> _Excerpted data_:
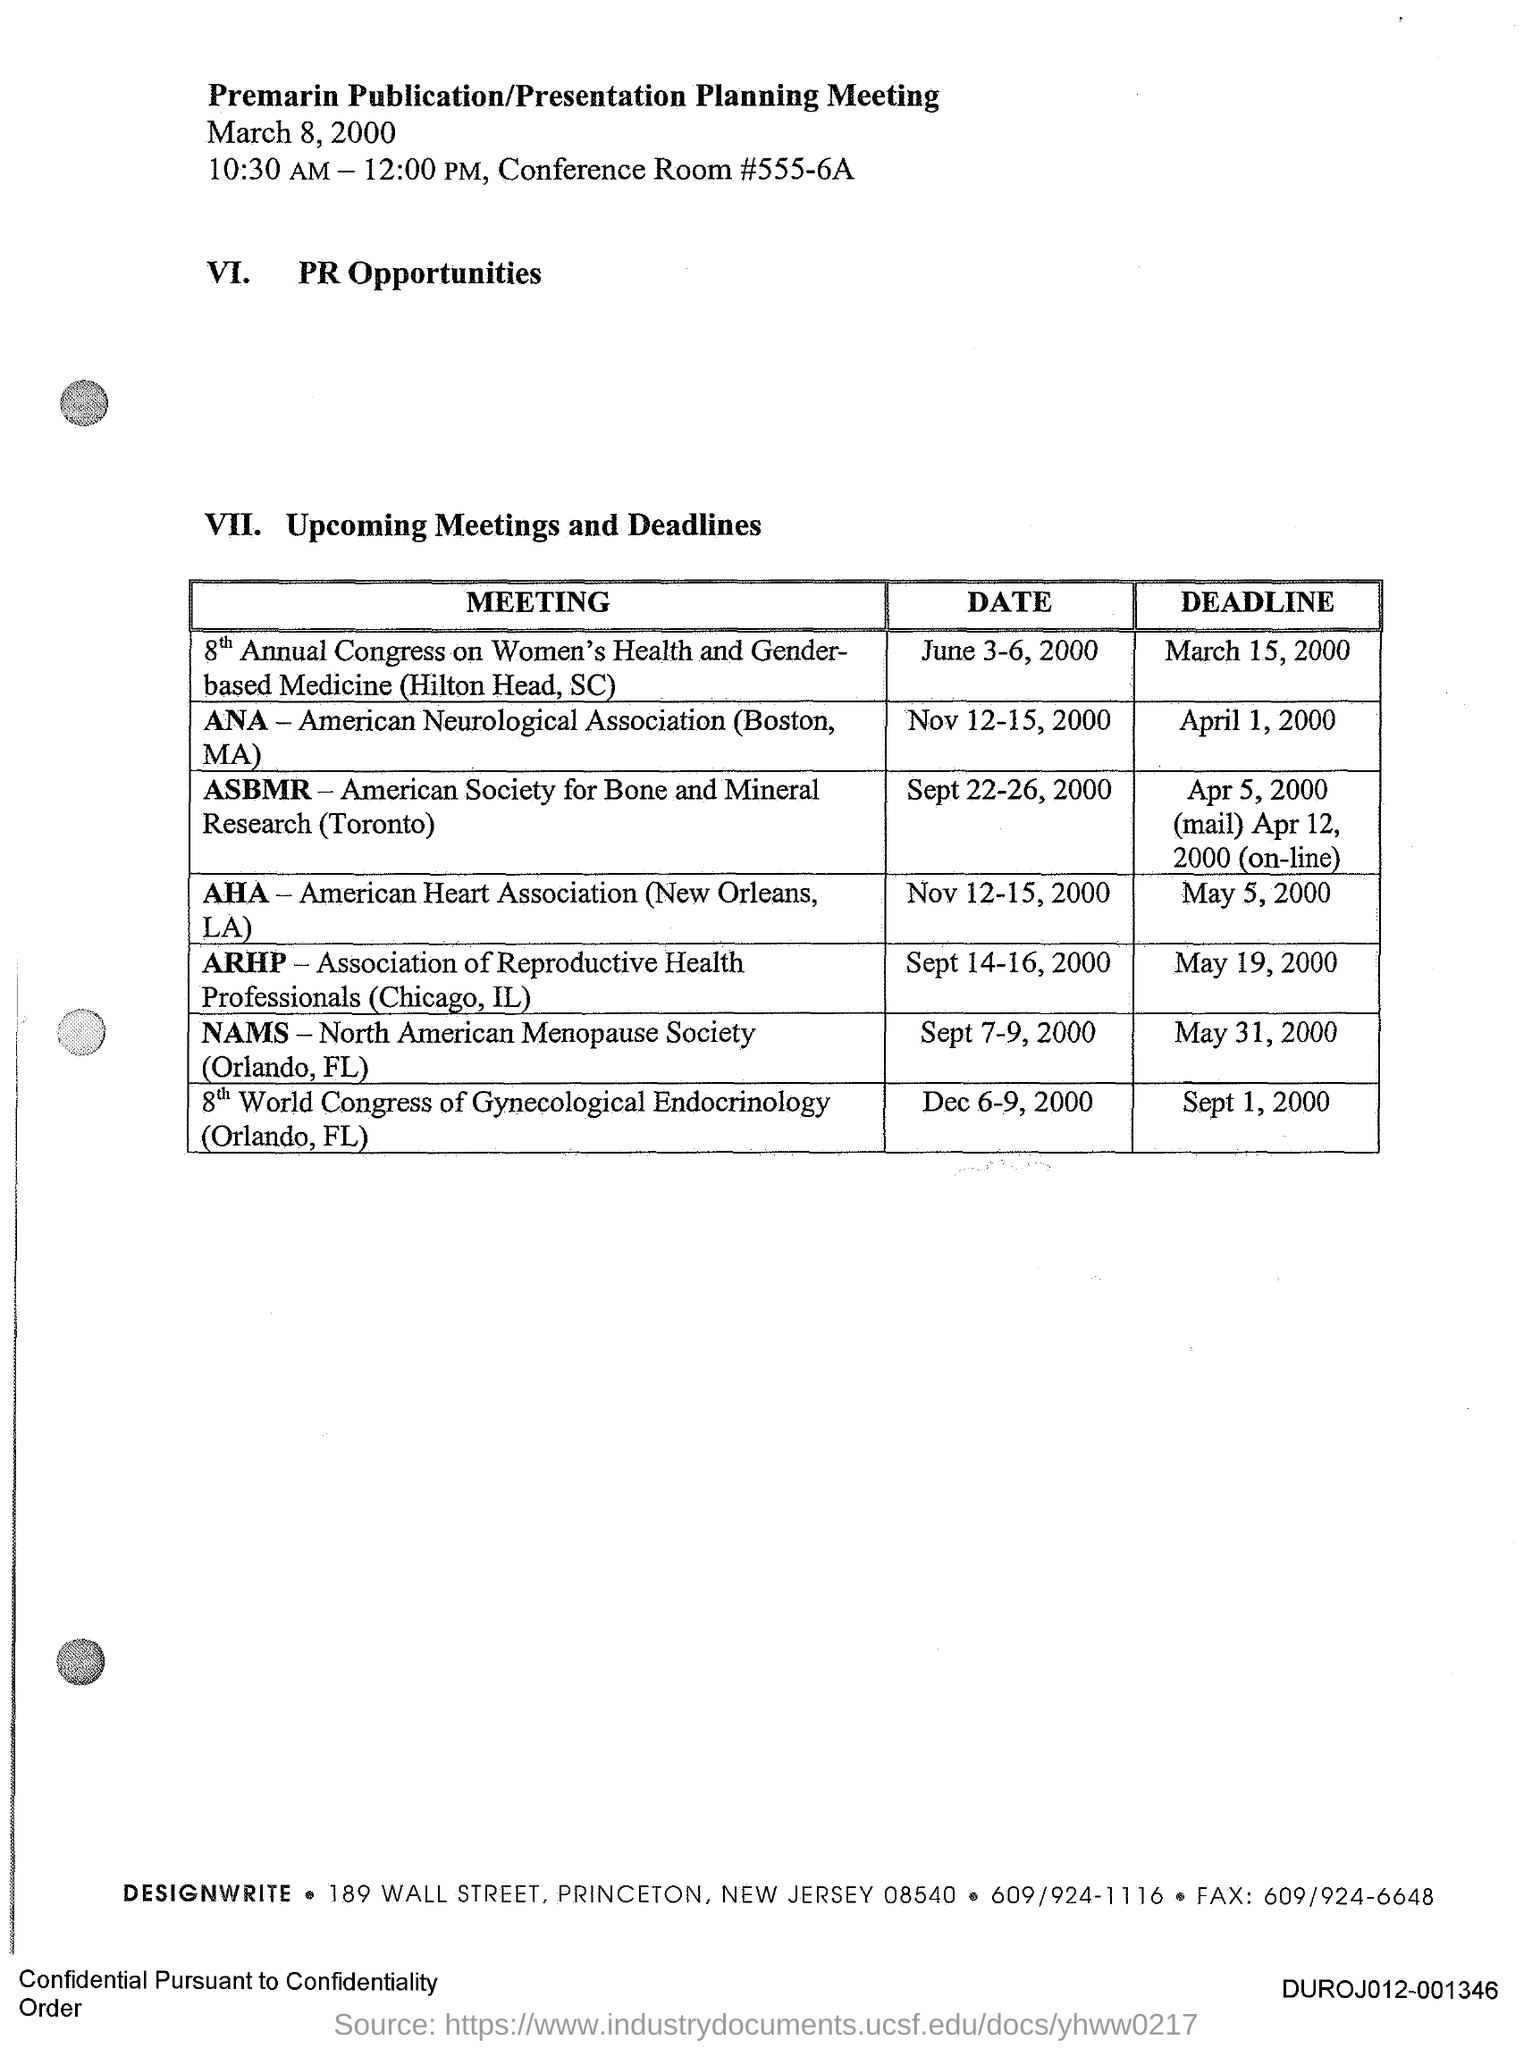What is the full form of AHA?
Your answer should be very brief. American Heart Association. What is the Fax number of DESIGNWRITE?
Offer a terse response. 609/924-6648. What is the title of the document?
Give a very brief answer. Premarin Publication/Presentation Planning Meeting. When is the deadline for "ANA"?
Offer a terse response. April 1, 2000. When is the deadline for "AHA"?
Your response must be concise. May 5,2000.

> _Problem description_: Send back exactly the lines of the listing above, beginning at the line containing "Your answer should" and ending with the last. Add nothing.

> _Answer box_:
Your answer should be very brief. American Heart Association. What is the Fax number of DESIGNWRITE?
Offer a terse response. 609/924-6648. What is the title of the document?
Give a very brief answer. Premarin Publication/Presentation Planning Meeting. When is the deadline for "ANA"?
Offer a terse response. April 1, 2000. When is the deadline for "AHA"?
Your response must be concise. May 5,2000.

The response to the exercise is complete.